Quote:
Originally Posted by Fritzly
The use of "some" seems a little bit optimistic to me, especially when Carriers will raise data fees thanks to these "all stored in the cloud" and now "All synced through the cloud only" mantras. And yes so far MS is not charging anything for the services but tomorrow?
|
You, and several others, are talking as though desktop sync for media doesn't exist; as though you're expected to sync all your photos/music/videos via the cloud. That's not the case: you'll connect your WP7 phone to the Zune desktop software, and transfer music, videos, and photos back and forth. I can't think of anything media-wise that would need to go via the cloud.
PIM stuff - calender, contacts, email - is all cloud based now, yes, but compared to media synching PIM stuff is bandwidth light. I really don't understand the problem here.
And, based on discussions with Microsoft and a lot of other MVPs, the average smartphone owner rarely, if ever, takes the memory card out (and I count myself in that group). I think there's only a small % of users that would actively want to take the memory card in and out. Here in this forum, that % is much higher, so it seems like a bigger problem than it is. But, unfortunately for you guys, Microsoft has chosen to target this phone at the broader market.
Quote:
Originally Posted by Fritzly
...one of the first golden rules I learned about computers was to always keep OS and programs separated form data.
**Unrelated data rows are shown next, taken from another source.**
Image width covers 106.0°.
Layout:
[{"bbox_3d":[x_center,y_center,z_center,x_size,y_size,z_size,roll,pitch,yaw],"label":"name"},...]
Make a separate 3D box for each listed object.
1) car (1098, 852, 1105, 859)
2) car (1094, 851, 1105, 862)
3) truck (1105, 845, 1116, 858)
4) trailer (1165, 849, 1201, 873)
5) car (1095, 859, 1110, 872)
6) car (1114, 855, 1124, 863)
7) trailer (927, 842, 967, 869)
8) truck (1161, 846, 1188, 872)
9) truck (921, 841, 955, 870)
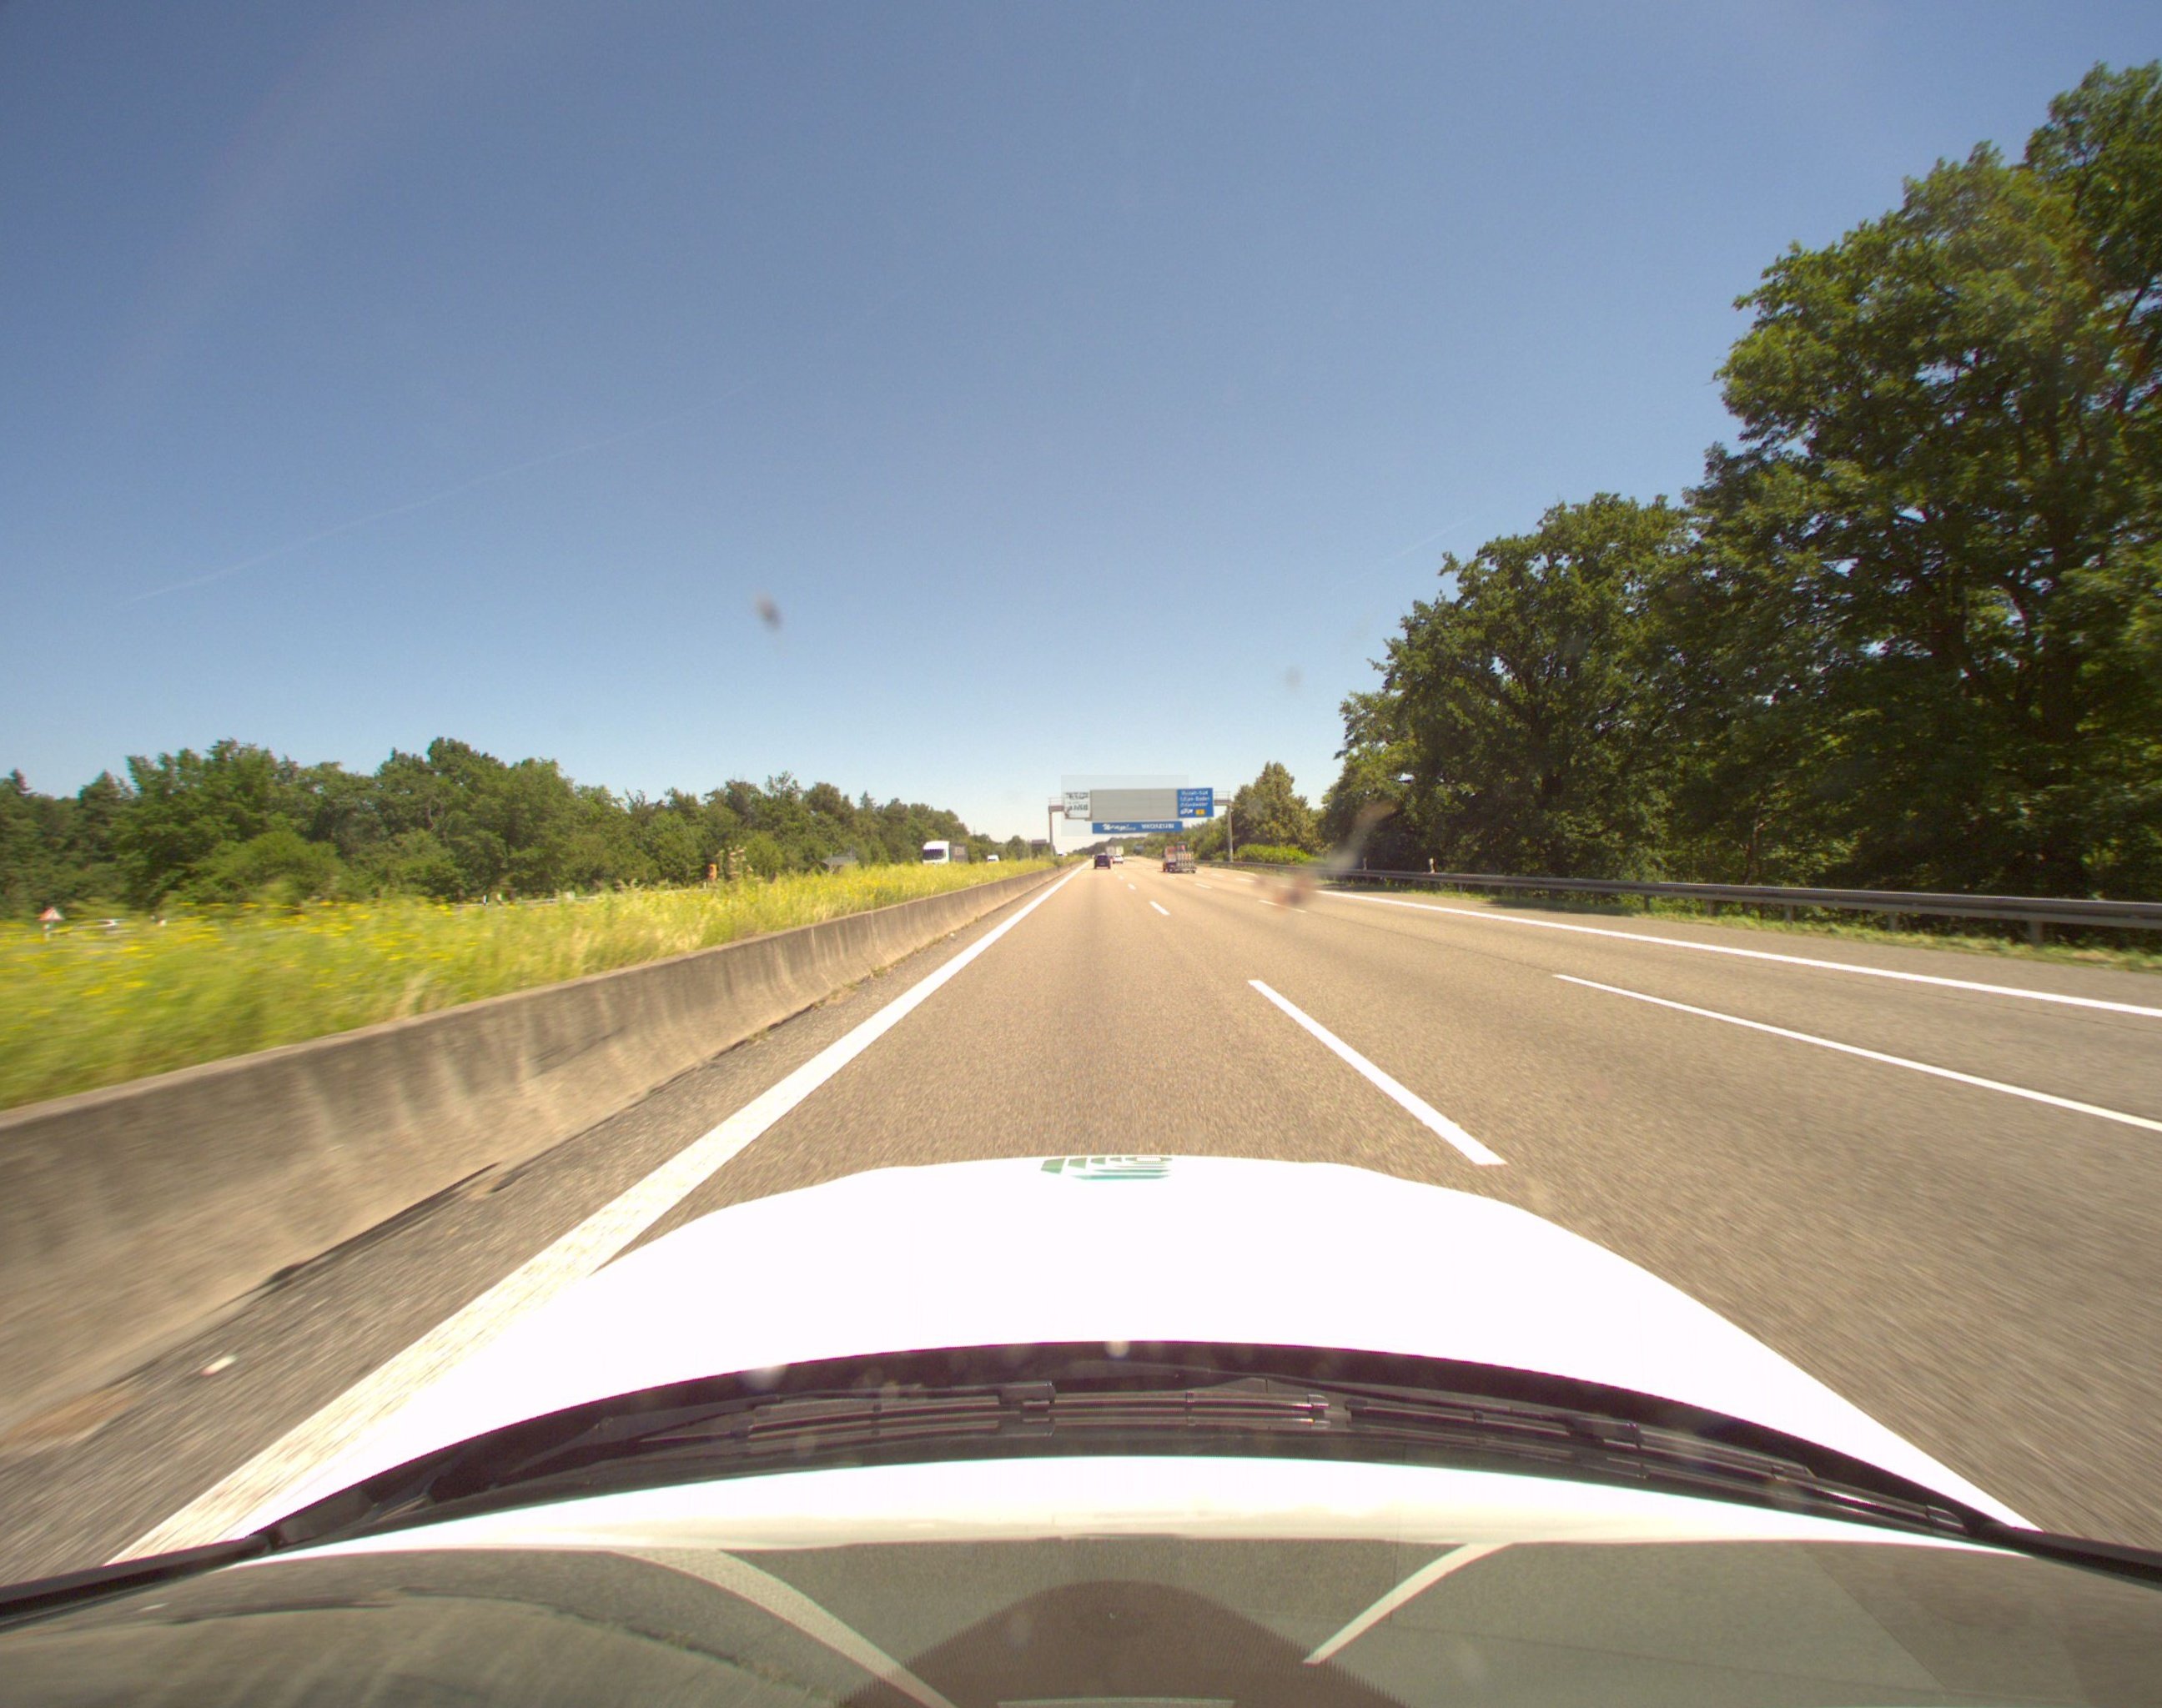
[{"bbox_3d":[6.368,0.418,252.751,1.987,2.014,3.999,-3,-1,0],"label":"car"},{"bbox_3d":[3.678,0.536,159.240,1.987,2.014,4.000,-2,-1,0],"label":"car"},{"bbox_3d":[9.415,-0.710,263.551,3.298,3.994,8.402,0,-1,0],"label":"truck"},{"bbox_3d":[9.038,0.628,72.759,2.413,2.013,6.032,-1,0,0],"label":"trailer"},{"bbox_3d":[2.567,1.358,99.270,1.655,1.549,3.782,1,-1,-1],"label":"car"},{"bbox_3d":[6.899,0.951,147.299,1.734,1.486,4.000,-1,-1,0],"label":"car"},{"bbox_3d":[-15.894,0.181,97.746,2.592,3.102,11.956,-1,0,1],"label":"trailer"},{"bbox_3d":[8.898,0.452,78.110,1.987,2.374,4.643,-1,0,0],"label":"truck"},{"bbox_3d":[-16.012,0.183,91.522,2.633,3.084,5.849,-1,0,1],"label":"truck"}]

All my computers are set in this way; C:\ OS and Programs, D:\Data, E:\OS Image and Data backup. Of course I also have backup on removable storage. Keep everything together is a perfect receipt for trouble.
|
I used to the same thing back with Windows XP - but that was years ago. There's zero reason to continue with the same approach now - if you have a hard drive failure, all your careful partitioning is going to be moot. Data and OS isolation was the smart thing to do when your OS would become corrupted at the drop of a hat - Windows XP was great at that - but both Vista and Windows 7 are much more robust.
Anyway, this is getting rather off topic, but I think the reality is that some people don't like change, don't want to change, and will refuse to change their ways while the rest of the world moves on. I see that in this thread, but no one is putting a gun to your head and forcing you to buy a WP7 phone.